Creating and Storing Embeddings for PostgreSQL Data
Ingestion Process
- Data Sources: The data sources used to build the knowledge base for a RAG architecture are foundational. They need to be comprehensive, high-quality sources that accurately cover the domains and topics the system will be queried on. This process typically involves selecting a relevant subset of an enterprise’s structured and unstructured data repositories that meet your use case requirements with input from subject matter experts (SMEs).
- Data Cleaning: Raw data is often noisy, containing irrelevant content, outdated information, and duplicate data. This creates challenges for RAG implementation, where models are unable to retrieve relevant and accurate information from their knowledge base, negatively impacting generation. For example, enterprise knowledge in Jira or Confluence often contains user comments and a history of version changes that would not be relevant to store in the knowledge base. Effective data cleaning techniques, such as filtering and deduplication, are crucial before feeding data into the vector store.

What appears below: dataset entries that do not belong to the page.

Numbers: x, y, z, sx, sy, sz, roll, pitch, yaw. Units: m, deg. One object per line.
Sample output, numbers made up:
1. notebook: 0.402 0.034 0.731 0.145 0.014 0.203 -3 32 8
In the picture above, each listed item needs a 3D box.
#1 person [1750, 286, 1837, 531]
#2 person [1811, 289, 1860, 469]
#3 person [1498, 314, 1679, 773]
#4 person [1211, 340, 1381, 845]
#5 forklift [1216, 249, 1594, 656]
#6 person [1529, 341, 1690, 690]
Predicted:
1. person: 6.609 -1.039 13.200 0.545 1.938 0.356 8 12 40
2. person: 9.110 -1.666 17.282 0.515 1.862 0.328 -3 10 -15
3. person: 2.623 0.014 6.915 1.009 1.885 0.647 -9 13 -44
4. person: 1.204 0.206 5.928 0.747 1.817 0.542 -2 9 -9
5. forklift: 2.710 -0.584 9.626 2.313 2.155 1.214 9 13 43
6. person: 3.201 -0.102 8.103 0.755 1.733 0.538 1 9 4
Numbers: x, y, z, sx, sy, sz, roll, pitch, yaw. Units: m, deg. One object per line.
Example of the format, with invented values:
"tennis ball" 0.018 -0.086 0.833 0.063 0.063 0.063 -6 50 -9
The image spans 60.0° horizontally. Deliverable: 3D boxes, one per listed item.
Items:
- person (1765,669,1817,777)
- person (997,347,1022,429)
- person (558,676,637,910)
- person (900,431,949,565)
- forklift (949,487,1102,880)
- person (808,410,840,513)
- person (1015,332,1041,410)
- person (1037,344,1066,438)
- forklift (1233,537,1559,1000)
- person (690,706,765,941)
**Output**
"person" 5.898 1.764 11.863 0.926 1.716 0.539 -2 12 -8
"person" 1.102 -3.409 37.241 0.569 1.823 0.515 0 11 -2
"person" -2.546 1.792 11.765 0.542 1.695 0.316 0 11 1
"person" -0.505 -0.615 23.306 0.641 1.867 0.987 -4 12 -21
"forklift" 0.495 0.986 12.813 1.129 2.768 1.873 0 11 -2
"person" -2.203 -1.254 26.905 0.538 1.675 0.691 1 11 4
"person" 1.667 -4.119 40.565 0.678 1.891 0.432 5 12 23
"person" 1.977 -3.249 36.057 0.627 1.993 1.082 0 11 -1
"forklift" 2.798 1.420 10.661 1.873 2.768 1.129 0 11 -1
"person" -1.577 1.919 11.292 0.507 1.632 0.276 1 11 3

- Privacy/PII: Enterprise datasets often contain sensitive and private information. As part of the data preparation process, enterprises need to define how this data will be treated based on their use case and potential end user. In an internal use case, it may be acceptable for LLMs to incorporate information about individuals, for example, querying, “Who is the sales rep for the Walmart account?” However, for external use cases, exposing information about individuals could result in privacy violations. Even with guardrails in place, adversarial attacks could result in unexpected leaks from training data. Ensuring that PII elements are treated appropriately with detection, filtering, redaction, and substitution with synthetic data where appropriate can protect privacy while maintaining data utility and protecting against potential compliance issues.
- Text Extraction: Enterprise data comes in various formats, including PDFs, PowerPoint presentations, and images. Extracting clean, usable text from these unstructured and semi-structured sources is crucial for building comprehensive knowledge bases. The approach to text extraction can vary based on the document's structure, modalities, and complexity. Simple cases might be addressed with standard text extraction tools, while more complex documents could require a combination of automated tools and human annotation.

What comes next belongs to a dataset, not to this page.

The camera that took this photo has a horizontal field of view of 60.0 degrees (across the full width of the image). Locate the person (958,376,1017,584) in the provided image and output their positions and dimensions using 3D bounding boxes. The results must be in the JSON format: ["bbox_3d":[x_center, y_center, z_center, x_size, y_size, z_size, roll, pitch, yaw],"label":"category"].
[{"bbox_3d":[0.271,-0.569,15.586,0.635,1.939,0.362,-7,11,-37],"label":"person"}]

- Text Normalisation: Data from multiple sources often lacks consistency in aspects like spelling, abbreviations, numeric formats, and referencing styles. This can cause the same concepts to be treated as distinct entities and poorly matched by the model. Applying normalization rules to standardize spelling, grammar, measurements, and general nomenclature is essential to get the most utility out of your text data.
- Chunking Strategy: Following the above steps, documents need to be split into shorter "chunks" or passages that the retrieval component can match to queries and pass to the language model. The objective is to break documents into retrievable units that maintain complete, relevant context around key information. Common methods include fixed-size chunking, document-based chunking, and semantic chunking. In general, human assessment of whether data should sit within an existing chunk or form a new chunk is still considered the gold standard, and an emerging, more advanced method known as "agent chunking” attempts to mimic this human behavior. The ideal chunk size balances having sufficient context with efficiency, and methods like summarization or hierarchical chunking can also be useful for long documents.
- Entity Recognition & Tagging: While the chunks derived from your knowledge bases form the core of your vector store, enriching these chunks with metadata like source details, topics, and key entities across your data can significantly improve a RAG model's accuracy. Named Entity Recognition (NER) for people, organizations, products, concepts, and entity linking can help the model connect passages and enhance retrieval relevance. This can be done systematically using a data annotation platform with automated techniques and human-in-the-loop validation to ensure annotation accuracy and consistency, including domain experts where required.